Mike Hess was my companion and he said something I've always remembered: "My dad says it's all a game of who do you trust?" said Mike. His dad was an engineer. The point was that the integrity of any system depended on the integrity of the pieces and these in turn depended on the integrity and expertise of the people who designed them. It really is a very large game of "Who do you trust?"

Later my dad, who had risen to the rank of Rear Admiral was talking to me about how to assume the command of a large organization you were unfamiliar with. He said that you had to find a trusted assistant who knew how the organization worked and then trust him (or her) to give you good advice. These and other experiences rattled around in my head and gelled into a philosophy that popped out when I was traveling with a friend of mine in Sperry's marketing department, Harvey Dennison. We were talking about what was important.

"Two things," I said, "are important. People and ideas." People are important because it is only because of people that anything at all is important.

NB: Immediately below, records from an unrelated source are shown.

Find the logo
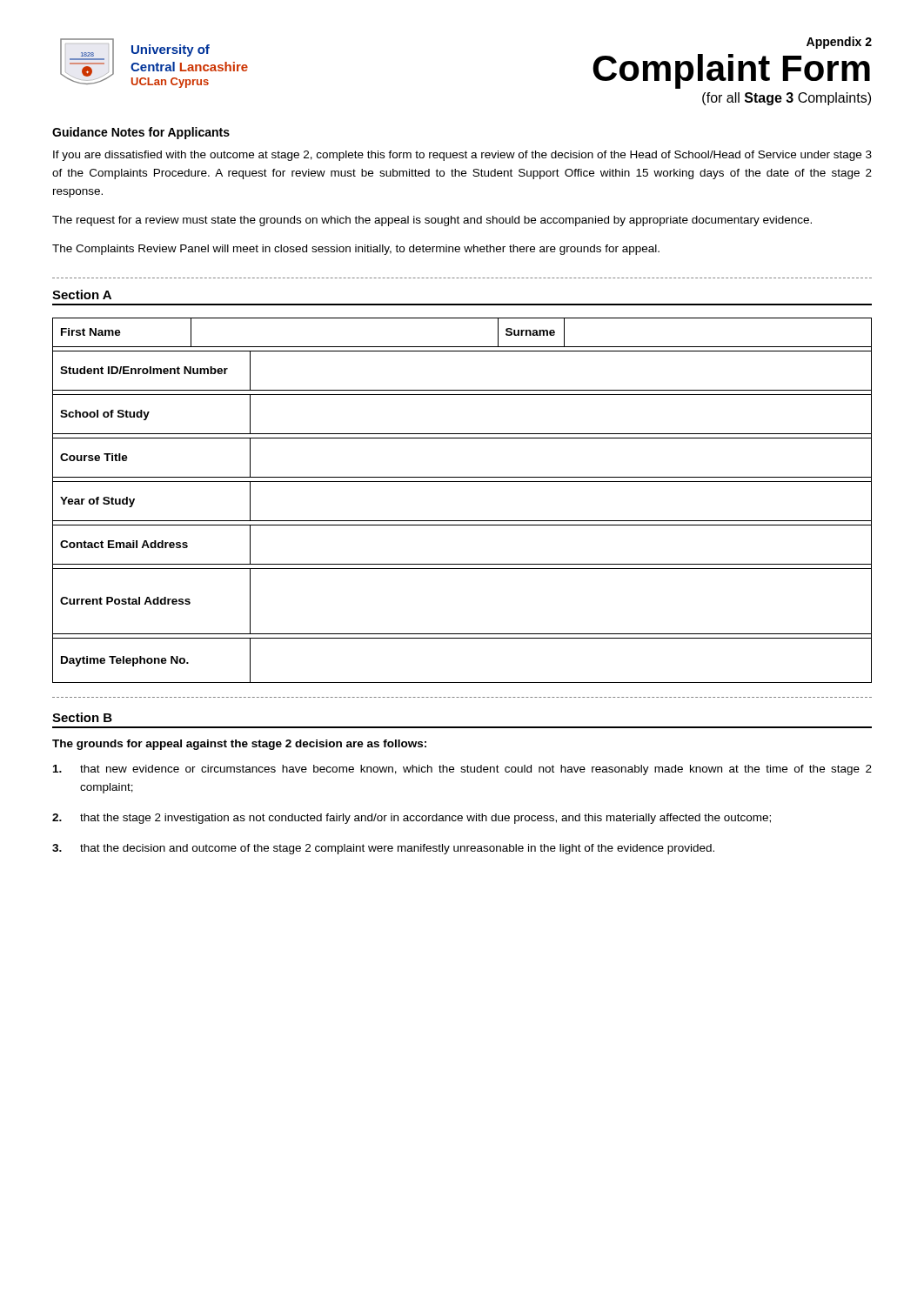click(x=150, y=65)
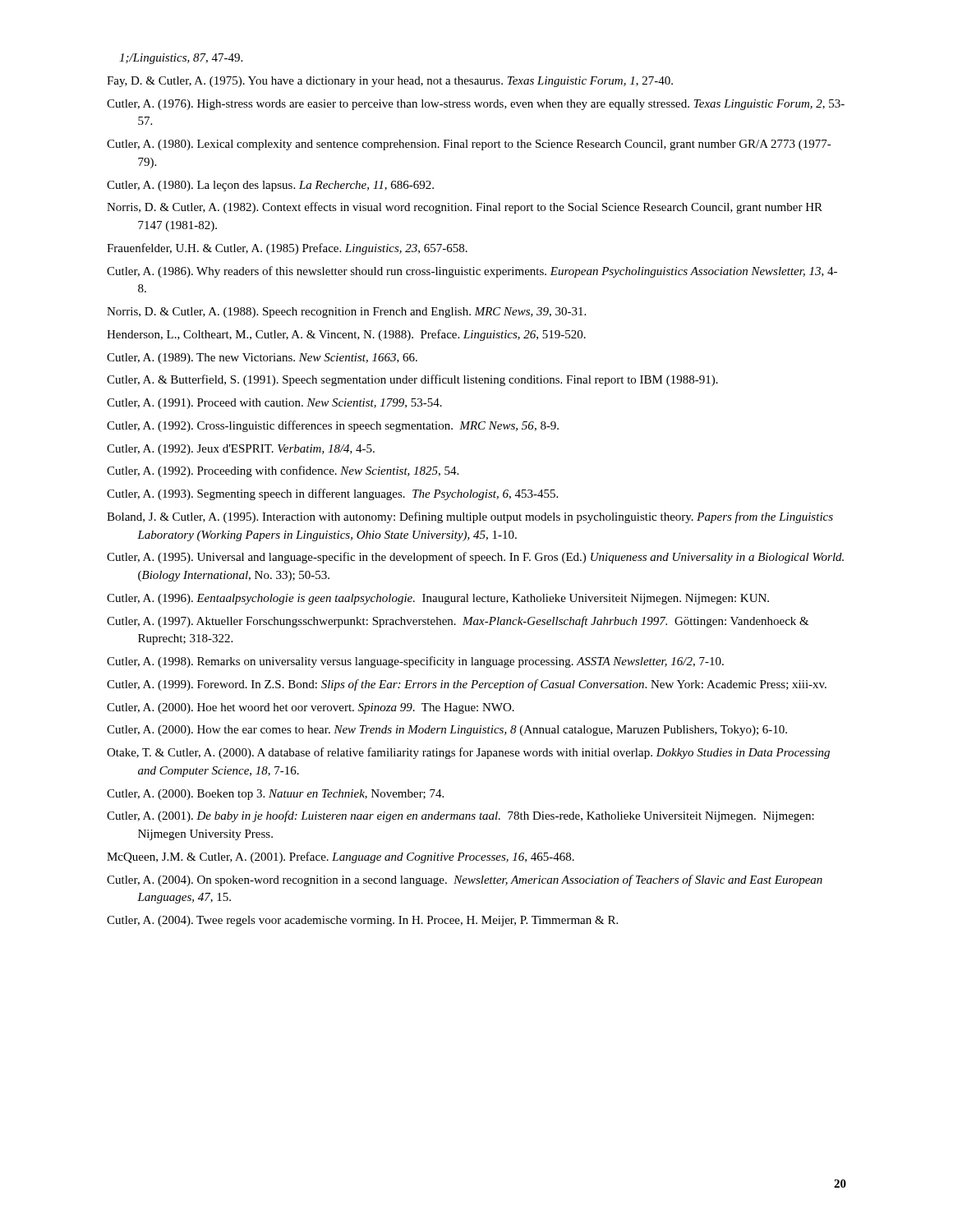Screen dimensions: 1232x953
Task: Click on the list item that reads "Frauenfelder, U.H. & Cutler,"
Action: (287, 248)
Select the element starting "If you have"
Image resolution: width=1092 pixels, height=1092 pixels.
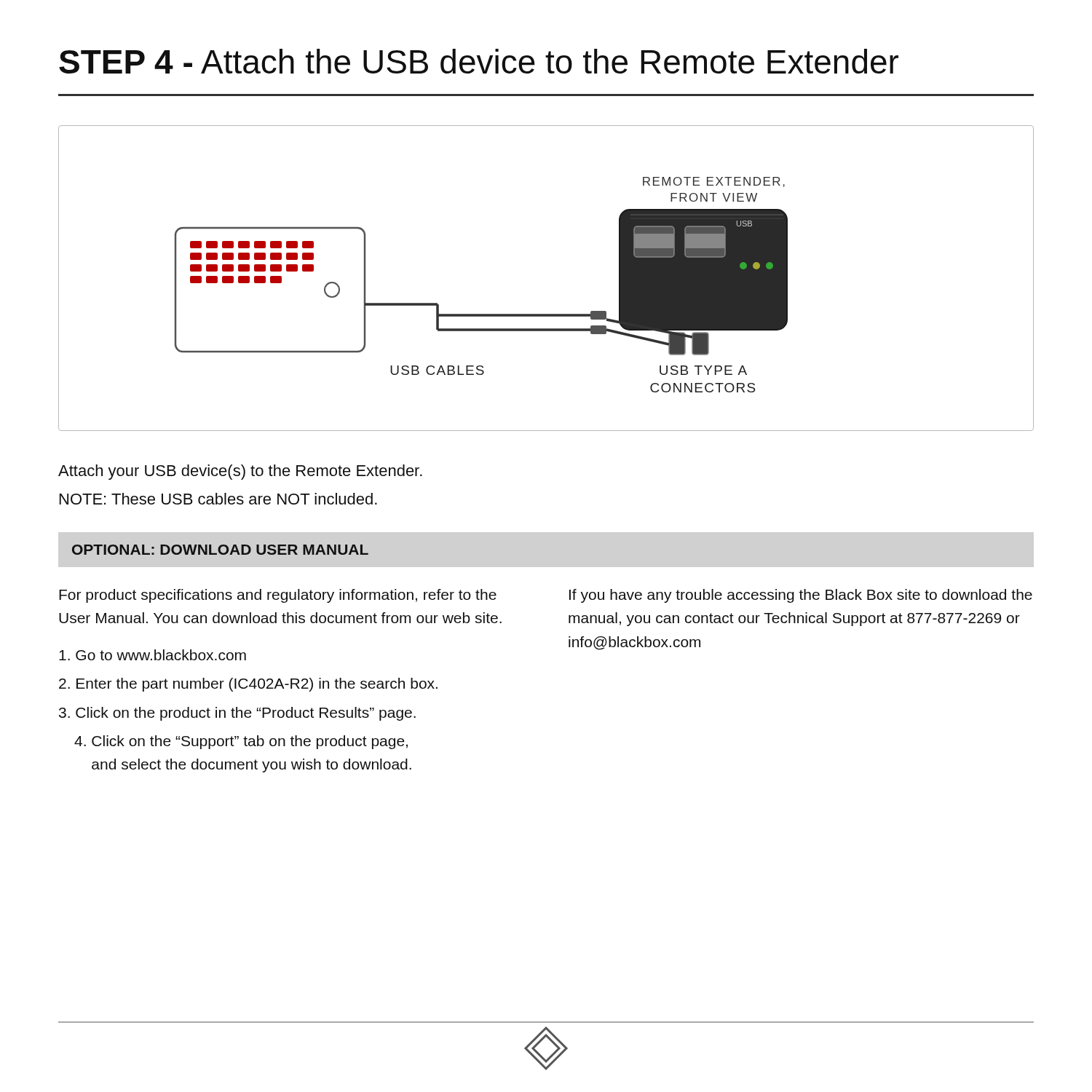[800, 618]
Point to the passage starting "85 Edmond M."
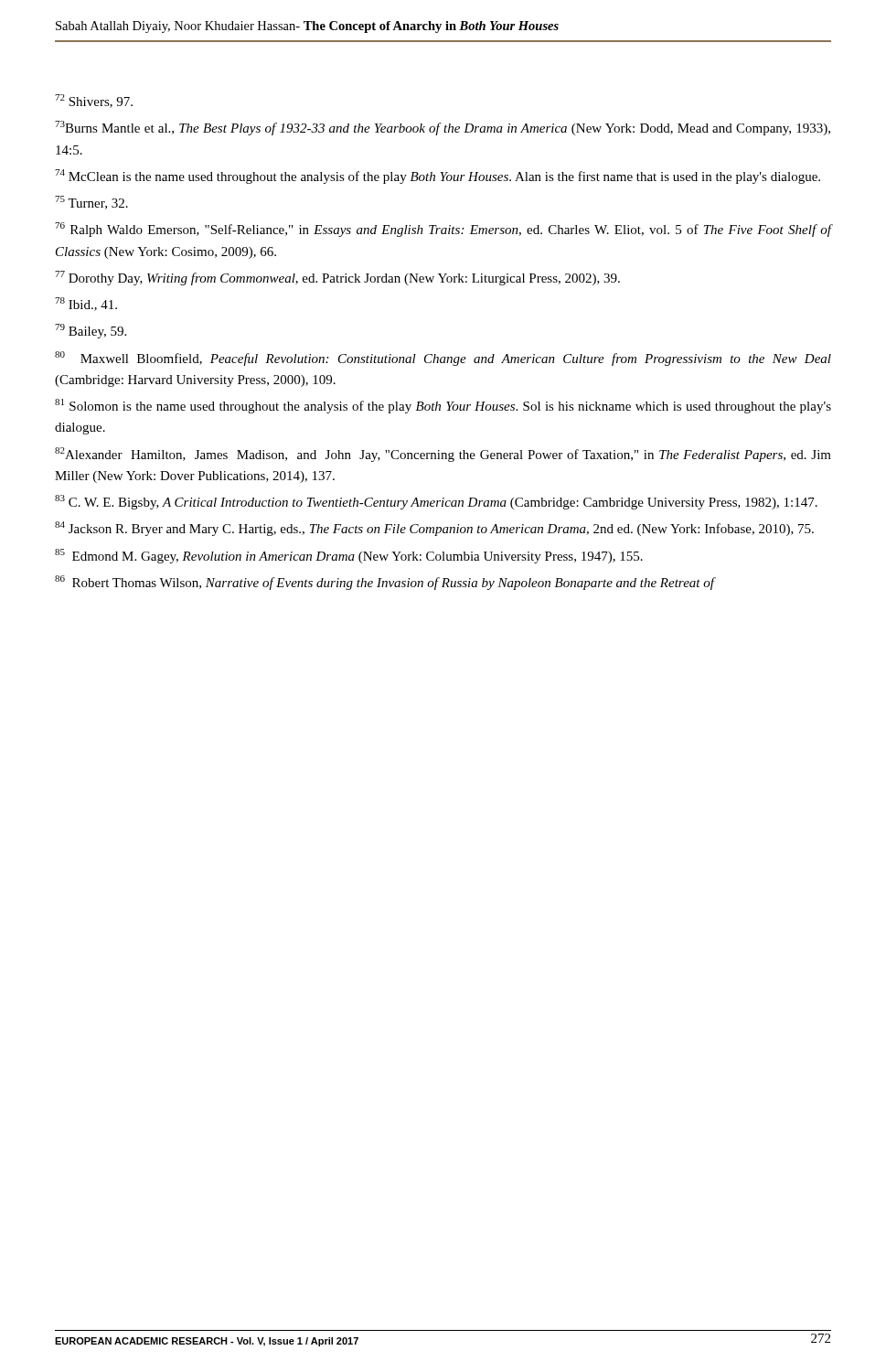The image size is (886, 1372). (349, 554)
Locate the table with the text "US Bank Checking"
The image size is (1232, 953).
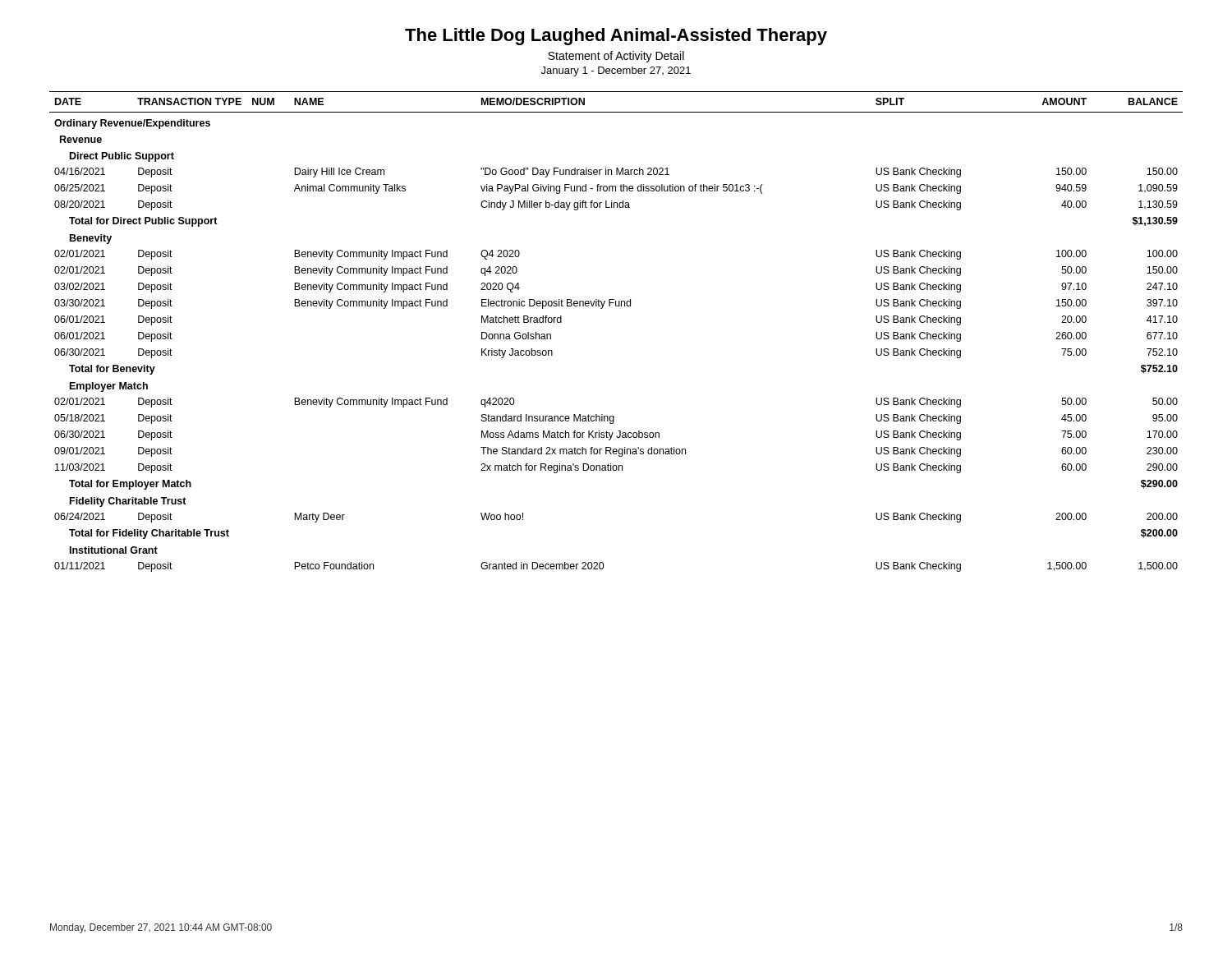pos(616,333)
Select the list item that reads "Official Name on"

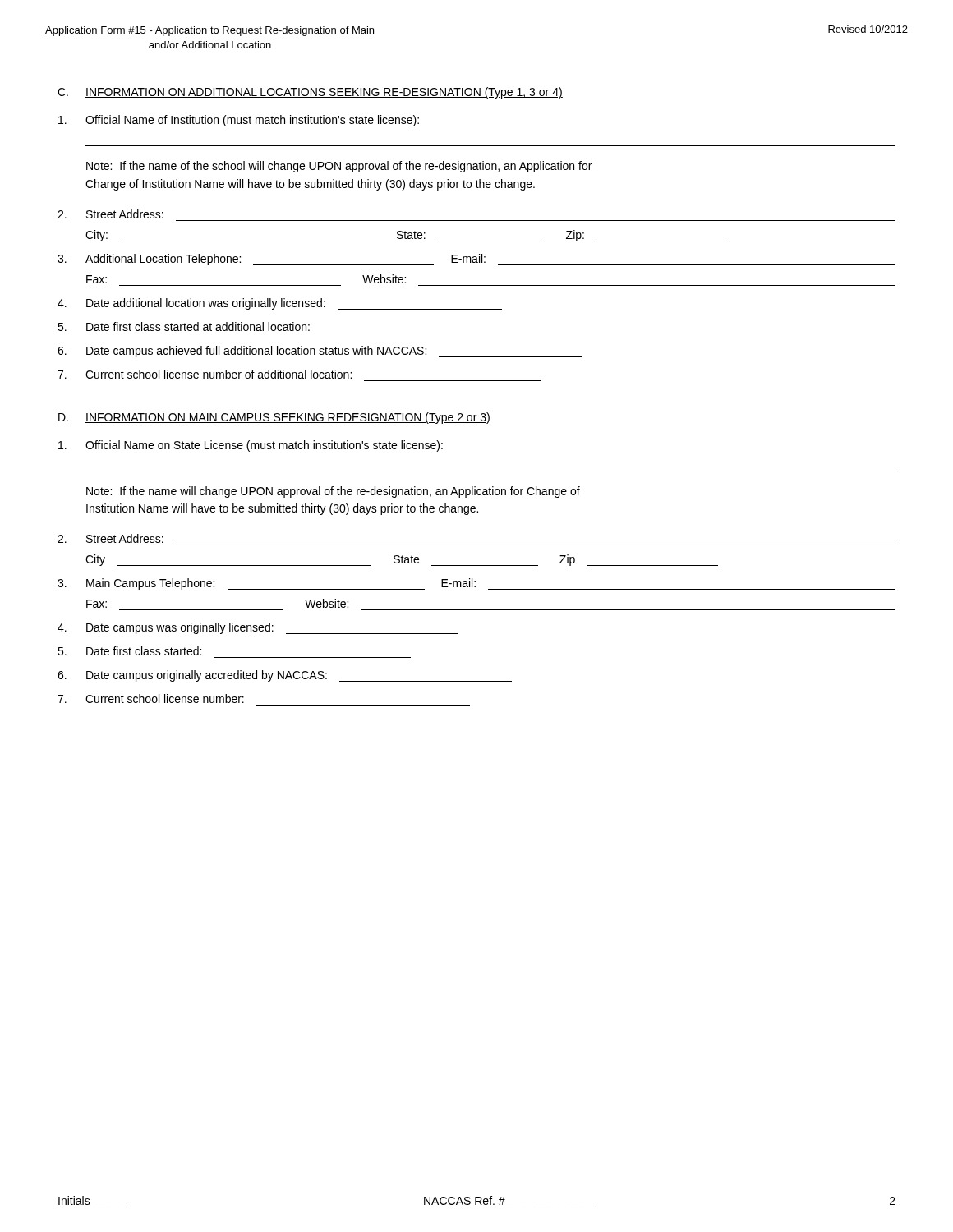[251, 446]
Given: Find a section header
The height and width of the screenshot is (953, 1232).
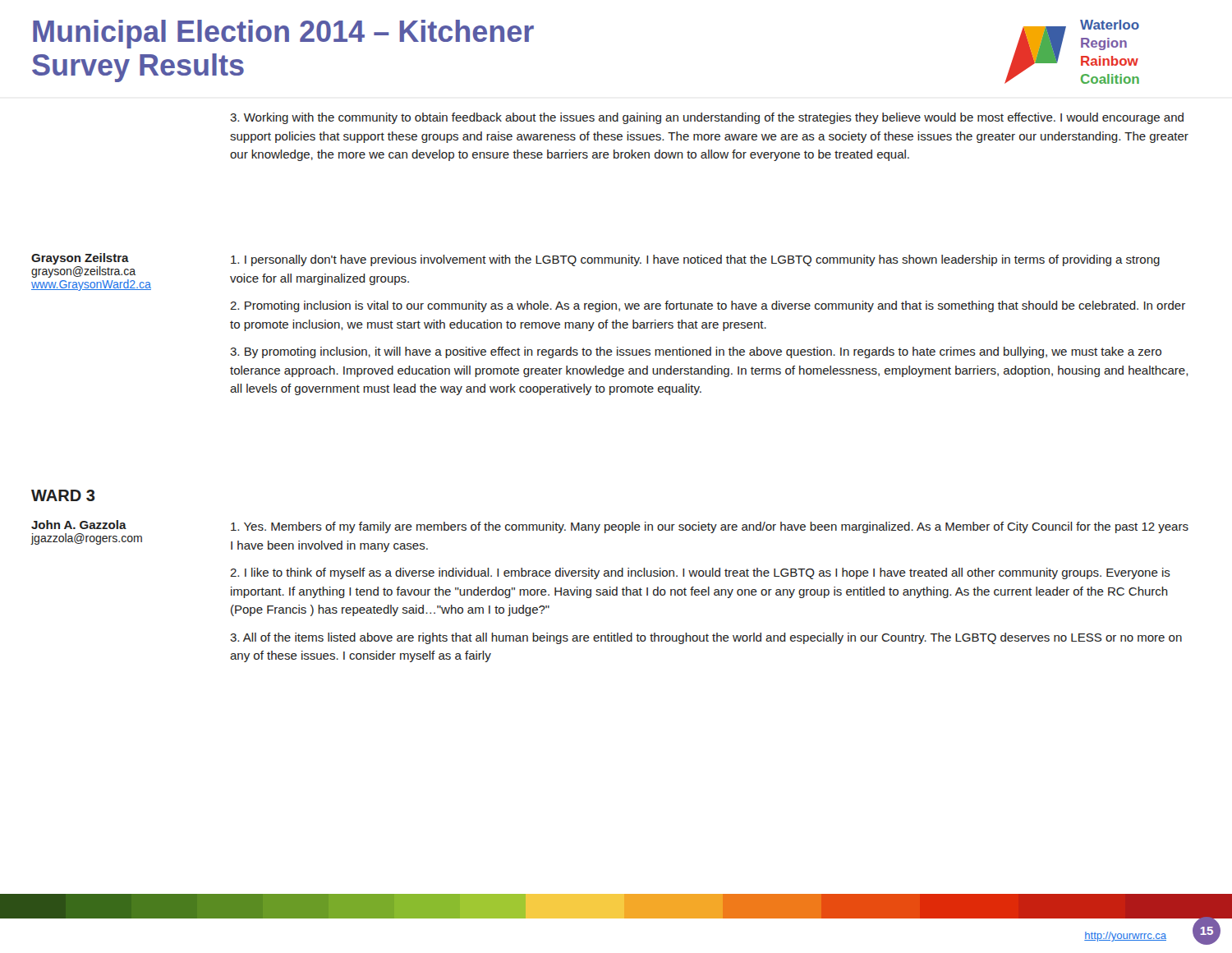Looking at the screenshot, I should (122, 496).

Ideas come from people and the good ideas, the true ideas, the meaningful ideas are those that guide our lives. Sometimes the ideas are too complicated or too involved for everyone to understand them, whether they are true or false, good or bad, meaningful or meaningless. Then it becomes a game of "Who do you trust?" The signposts of trust are knowledge and good will. Good will is useless without knowledge and knowledge is destructive without good will. I find myself still reflecting on "Who do you trust?" and that has been much of the motivation of my search for the clear minds I talked about a few days ago.